Law professor feels racial profiling remains strong in America

Ferguson, Mo. "This must stop," yells a protester to Missouri National Guardsmen who were posted outside the Ferguson Police Department on Wednesday, Nov 26, 2014, during protests over the grand jury decision in the Michael Brown case. Photo: AP Photo/St. Louis Post-Dispatch, Laurie Skrivan

WASHINGTON — When Vernellia Randall’s son, Tshaka, attended the University of Dayton in Ohio, police often stopped and questioned him as he walked home through the historically white, upper middle-class neighbourhood of Oakwood where the Randalls lived.

Like Michael Brown, the unarmed 18-year-old who was shot dead by a policeman Aug. 9 in Ferguson, Mo.,  Tshaka was a big boy.

Vernellia worried that one day her son might react angrily to the police harassment and get himself arrested or, worse, shot. So she decided to take action.

“I went to the police chief and had a conversation with him,” she recalled. “I told him that we are part of this community. He was white. He didn’t want to admit that it was happening. But I showed him a picture of my son and told him, ‘Look, it has to stop because sooner or later my six-foot-three, 300-pound 19-year-old is going to get pissed.’ It stopped for a while and then started back up with my younger son.”

Randall, 70, is a law professor at the University of Dayton specializing in racism in various sectors of society, including justice and health care.

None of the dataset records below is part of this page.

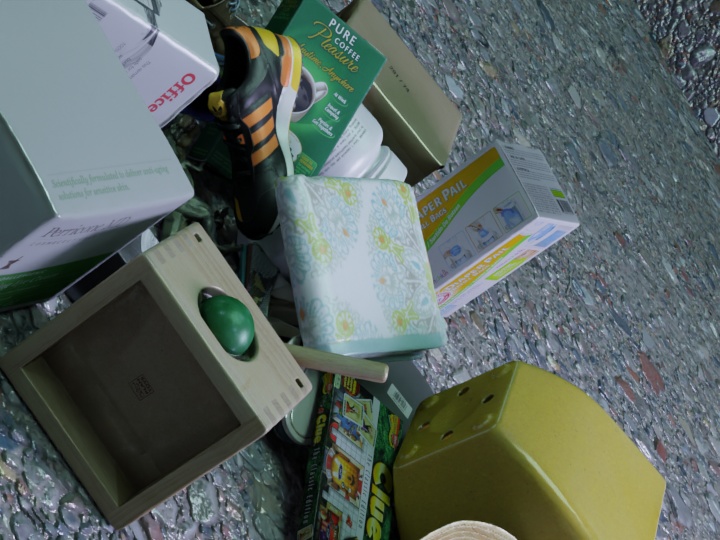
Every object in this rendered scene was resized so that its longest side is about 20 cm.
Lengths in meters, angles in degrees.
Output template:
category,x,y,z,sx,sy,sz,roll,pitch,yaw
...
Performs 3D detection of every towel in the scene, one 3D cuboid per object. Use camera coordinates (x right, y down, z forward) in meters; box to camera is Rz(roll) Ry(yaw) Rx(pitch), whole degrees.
category,x,y,z,sx,sy,sz,roll,pitch,yaw
towel,0.000,0.000,1.625,0.200,0.048,0.172,-1,74,-55

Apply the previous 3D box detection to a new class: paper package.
category,x,y,z,sx,sy,sz,roll,pitch,yaw
paper package,0.013,-0.199,2.055,0.200,0.103,0.191,49,25,-12

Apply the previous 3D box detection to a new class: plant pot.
category,x,y,z,sx,sy,sz,roll,pitch,yaw
plant pot,0.138,0.203,1.607,0.201,0.195,0.194,56,29,-17

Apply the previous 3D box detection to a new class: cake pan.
category,x,y,z,sx,sy,sz,roll,pitch,yaw
cake pan,0.025,0.139,1.724,0.200,0.037,0.201,43,26,-27

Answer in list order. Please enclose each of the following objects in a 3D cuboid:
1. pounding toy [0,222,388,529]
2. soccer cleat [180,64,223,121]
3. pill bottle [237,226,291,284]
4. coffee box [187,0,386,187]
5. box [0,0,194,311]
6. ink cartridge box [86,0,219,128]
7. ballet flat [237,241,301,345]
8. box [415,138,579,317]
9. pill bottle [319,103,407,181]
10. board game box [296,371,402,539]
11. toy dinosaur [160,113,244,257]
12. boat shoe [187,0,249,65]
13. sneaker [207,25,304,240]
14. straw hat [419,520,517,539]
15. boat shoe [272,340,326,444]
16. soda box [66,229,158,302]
category,x,y,z,sx,sy,sz,roll,pitch,yaw
pounding toy,-0.122,0.073,1.327,0.185,0.200,0.142,55,23,-2
soccer cleat,-0.202,-0.198,1.655,0.199,0.065,0.084,24,23,-34
pill bottle,-0.021,-0.012,1.738,0.200,0.111,0.111,26,37,-48
coffee box,-0.071,-0.164,1.753,0.123,0.201,0.044,34,-9,-33
box,-0.270,-0.087,1.285,0.201,0.171,0.199,58,24,7
ink cartridge box,-0.242,-0.198,1.514,0.200,0.145,0.084,31,31,-43
ballet flat,-0.086,0.049,1.579,0.071,0.069,0.200,6,36,0
box,0.120,-0.042,1.934,0.112,0.200,0.102,5,54,-58
pill bottle,-0.049,-0.148,1.857,0.200,0.113,0.114,48,25,-17
board game box,-0.009,0.193,1.539,0.105,0.023,0.201,44,40,-39
toy dinosaur,-0.155,-0.052,1.626,0.088,0.047,0.201,34,36,-34
boat shoe,-0.166,-0.277,1.852,0.200,0.072,0.073,22,40,-52
sneaker,-0.111,-0.131,1.651,0.090,0.070,0.202,13,79,-41
straw hat,0.067,0.304,1.521,0.201,0.202,0.085,41,-16,-30
boat shoe,-0.046,0.089,1.616,0.075,0.062,0.201,58,34,-30
soda box,-0.164,0.049,1.448,0.200,0.063,0.071,54,24,-6
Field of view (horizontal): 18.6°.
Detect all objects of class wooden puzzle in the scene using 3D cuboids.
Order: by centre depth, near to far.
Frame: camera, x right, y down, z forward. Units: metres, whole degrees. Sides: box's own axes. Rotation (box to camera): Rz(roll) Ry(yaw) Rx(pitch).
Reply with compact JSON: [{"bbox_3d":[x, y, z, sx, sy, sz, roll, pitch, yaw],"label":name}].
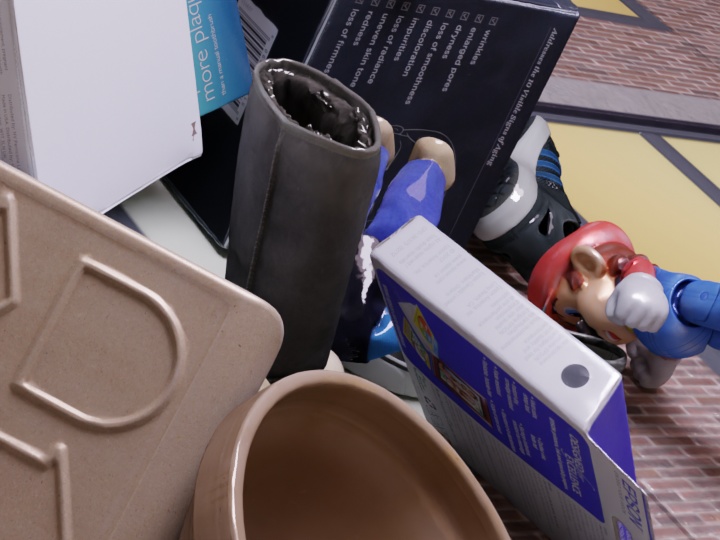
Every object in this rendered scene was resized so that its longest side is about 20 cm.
[{"bbox_3d":[-0.159,0.056,0.950,0.200,0.186,0.046,28,-5,-1],"label":"wooden puzzle"}]

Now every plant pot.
[{"bbox_3d":[-0.015,0.152,0.939,0.201,0.093,0.201,36,37,-33],"label":"plant pot"}]

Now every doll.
[{"bbox_3d":[0.000,0.000,1.258,0.136,0.049,0.200,21,51,4],"label":"doll"}]

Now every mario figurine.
[{"bbox_3d":[0.181,0.041,1.374,0.106,0.124,0.200,-31,30,-33],"label":"mario figurine"}]

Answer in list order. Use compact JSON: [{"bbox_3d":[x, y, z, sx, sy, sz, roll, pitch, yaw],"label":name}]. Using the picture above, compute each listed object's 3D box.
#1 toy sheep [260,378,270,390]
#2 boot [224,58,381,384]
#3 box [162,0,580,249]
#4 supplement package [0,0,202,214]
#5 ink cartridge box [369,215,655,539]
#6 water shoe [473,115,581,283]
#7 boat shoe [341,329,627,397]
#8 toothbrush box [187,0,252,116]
[{"bbox_3d":[-0.131,0.043,1.037,0.199,0.138,0.138,23,24,4],"label":"toy sheep"},{"bbox_3d":[-0.022,0.020,1.099,0.072,0.200,0.182,-5,39,-44],"label":"boot"},{"bbox_3d":[0.000,-0.119,1.397,0.196,0.200,0.124,5,31,-39],"label":"box"},{"bbox_3d":[-0.169,-0.107,1.064,0.110,0.156,0.200,-1,15,17],"label":"supplement package"},{"bbox_3d":[0.098,0.087,1.140,0.200,0.043,0.198,42,-15,30],"label":"ink cartridge box"},{"bbox_3d":[0.115,-0.046,1.555,0.079,0.071,0.200,52,20,-11],"label":"water shoe"},{"bbox_3d":[0.064,0.041,1.310,0.199,0.064,0.071,16,27,-21],"label":"boat shoe"},{"bbox_3d":[-0.169,-0.141,1.254,0.085,0.147,0.200,11,29,44],"label":"toothbrush box"}]

She grew up in Amarillo, Texas, in the Jim Crow era that essentially rendered Texas an apartheid state.

She knows what a black mother has to do to keep her children safe in America.

You can tell your boy not to get angry, but young people don’t always listen to their parents, she said laughing.

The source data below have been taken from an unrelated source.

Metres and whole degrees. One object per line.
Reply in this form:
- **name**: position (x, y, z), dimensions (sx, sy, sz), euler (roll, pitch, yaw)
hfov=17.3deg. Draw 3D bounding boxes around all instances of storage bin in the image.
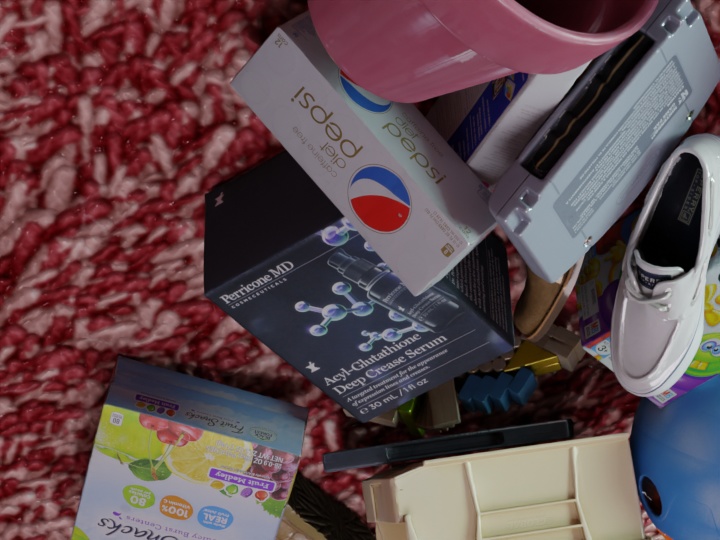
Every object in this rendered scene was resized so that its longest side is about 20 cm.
- **storage bin**: position (0.113, 0.193, 1.915), dimensions (0.197, 0.095, 0.200), euler (-7, 176, -8)

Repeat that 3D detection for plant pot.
- **plant pot**: position (0.066, -0.200, 1.510), dimensions (0.199, 0.201, 0.179), euler (24, 147, -27)

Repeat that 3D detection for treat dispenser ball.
- **treat dispenser ball**: position (0.314, 0.144, 1.882), dimensions (0.199, 0.202, 0.202), euler (-2, 138, -1)

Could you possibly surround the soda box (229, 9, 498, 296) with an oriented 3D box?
- **soda box**: position (0.006, -0.084, 1.634), dimensions (0.200, 0.064, 0.068), euler (49, 128, 4)

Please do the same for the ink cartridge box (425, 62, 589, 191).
- **ink cartridge box**: position (0.095, -0.120, 1.655), dimensions (0.037, 0.095, 0.200), euler (18, 134, -23)

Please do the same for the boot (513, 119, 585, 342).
- **boot**: position (0.140, -0.033, 1.782), dimensions (0.075, 0.074, 0.201), euler (14, 128, -4)

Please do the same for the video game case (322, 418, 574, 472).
- **video game case**: position (0.075, 0.143, 1.945), dimensions (0.198, 0.019, 0.143), euler (-9, 176, 6)

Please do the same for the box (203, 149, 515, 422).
- **box**: position (0.000, 0.000, 1.775), dimensions (0.148, 0.108, 0.200), euler (-28, 132, 26)

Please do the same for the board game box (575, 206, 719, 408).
- **board game box**: position (0.271, -0.002, 1.789), dimensions (0.199, 0.105, 0.103), euler (-33, 129, 29)

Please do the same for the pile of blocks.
- **pile of blocks**: position (0.088, 0.098, 1.907), dimensions (0.198, 0.083, 0.062), euler (-11, 148, 12)

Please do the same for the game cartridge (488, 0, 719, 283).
- **game cartridge**: position (0.173, -0.090, 1.644), dimensions (0.200, 0.040, 0.133), euler (-50, 149, -5)

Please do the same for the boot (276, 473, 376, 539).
- **boot**: position (-0.097, 0.263, 2.099), dimensions (0.199, 0.066, 0.175), euler (-30, 119, 27)

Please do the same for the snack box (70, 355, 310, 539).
- **snack box**: position (-0.146, 0.183, 1.963), dimensions (0.167, 0.068, 0.201), euler (15, 129, -3)

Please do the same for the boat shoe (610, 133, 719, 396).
- **boat shoe**: position (0.216, -0.002, 1.701), dimensions (0.073, 0.065, 0.202), euler (19, 106, 27)

“First time stopped, OK, second time, OK, but the third time you get mad and you say something smart and then the cop gets scared ’cause you’re big and now we’ve got a dead teenager on the ground because the cop doesn’t have the training or whatever to control the situation,” she said.

This is the reason why the killing of Michael Brown resonates throughout African-American communities in the U.S., she said. They feel they or their loved ones are next.

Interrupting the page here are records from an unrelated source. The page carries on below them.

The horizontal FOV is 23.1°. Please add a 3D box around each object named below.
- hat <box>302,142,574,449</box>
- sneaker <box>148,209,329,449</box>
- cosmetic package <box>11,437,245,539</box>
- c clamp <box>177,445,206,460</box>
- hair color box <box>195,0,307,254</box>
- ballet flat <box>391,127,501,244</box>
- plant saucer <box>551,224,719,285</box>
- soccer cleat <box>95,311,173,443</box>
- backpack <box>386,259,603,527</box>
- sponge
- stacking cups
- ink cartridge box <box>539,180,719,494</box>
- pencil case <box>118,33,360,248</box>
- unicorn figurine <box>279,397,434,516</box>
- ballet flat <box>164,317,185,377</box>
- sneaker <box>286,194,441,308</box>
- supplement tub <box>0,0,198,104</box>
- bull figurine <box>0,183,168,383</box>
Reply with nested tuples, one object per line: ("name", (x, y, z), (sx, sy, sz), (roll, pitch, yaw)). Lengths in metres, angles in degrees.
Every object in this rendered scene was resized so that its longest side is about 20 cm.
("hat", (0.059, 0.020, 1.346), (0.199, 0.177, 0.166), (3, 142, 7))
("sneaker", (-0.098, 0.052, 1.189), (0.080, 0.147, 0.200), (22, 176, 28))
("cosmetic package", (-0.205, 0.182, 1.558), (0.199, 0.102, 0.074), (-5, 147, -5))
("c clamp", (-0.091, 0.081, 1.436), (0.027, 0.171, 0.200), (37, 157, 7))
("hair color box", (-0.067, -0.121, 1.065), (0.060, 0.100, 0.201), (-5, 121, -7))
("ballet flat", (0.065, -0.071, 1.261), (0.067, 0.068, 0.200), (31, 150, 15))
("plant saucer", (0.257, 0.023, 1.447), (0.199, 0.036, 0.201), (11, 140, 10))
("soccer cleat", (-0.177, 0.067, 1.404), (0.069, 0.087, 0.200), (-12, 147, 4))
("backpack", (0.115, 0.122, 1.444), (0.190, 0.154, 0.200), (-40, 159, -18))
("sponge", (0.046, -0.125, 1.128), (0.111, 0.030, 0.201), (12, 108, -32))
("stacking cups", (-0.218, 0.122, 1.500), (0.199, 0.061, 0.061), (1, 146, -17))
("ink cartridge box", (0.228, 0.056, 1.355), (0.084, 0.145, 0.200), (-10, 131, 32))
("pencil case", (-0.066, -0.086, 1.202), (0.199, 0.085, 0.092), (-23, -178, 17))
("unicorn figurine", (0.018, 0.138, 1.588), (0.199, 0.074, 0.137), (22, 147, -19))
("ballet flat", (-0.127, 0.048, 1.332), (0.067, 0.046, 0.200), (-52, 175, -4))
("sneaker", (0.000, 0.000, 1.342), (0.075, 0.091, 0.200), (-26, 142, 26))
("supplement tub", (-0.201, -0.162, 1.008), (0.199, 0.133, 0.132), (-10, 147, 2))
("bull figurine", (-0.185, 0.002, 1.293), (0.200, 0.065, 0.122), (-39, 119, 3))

“There’s an anti-black racism in the society that dates back to slavery and that has just morphed with the age,” she said.

Many in the black community became particularly incensed when Darren Wilson, 28, the policeman who killed Brown, said on CNN that he would do it again.

“In his eyes he killed a dangerous person,” she said. “His eyes come from his training. And that’s part of the problem with the justice system. The justice system only holds officers to the standard of their training and so the problem is when you begin to train them in a way that makes them lethal for groups of people such as blacks and the mentally ill.”

That training has essentially created a ‘shoot first and ask questions later’ mentality designed, above all, to protect the police officer, she said.

Crime statistics prove that throughout the U.S., police target blacks far more than whites. Even in communities where blacks are a small minority, they are more likely than whites to be stopped, more likely to be arrested and suffer more severe penalties than whites for the same crimes.

Ferguson, Mo., is a case in point. While Blacks comprise 67.4 per cent of the population, only three of the 53-man police force are blacks. The rest are whites. In 2013, 92.7 per cent of police arrests were blacks; 6.9 per cent were whites. The mayor is white. The council is 5-to-1 white and the school board is all white.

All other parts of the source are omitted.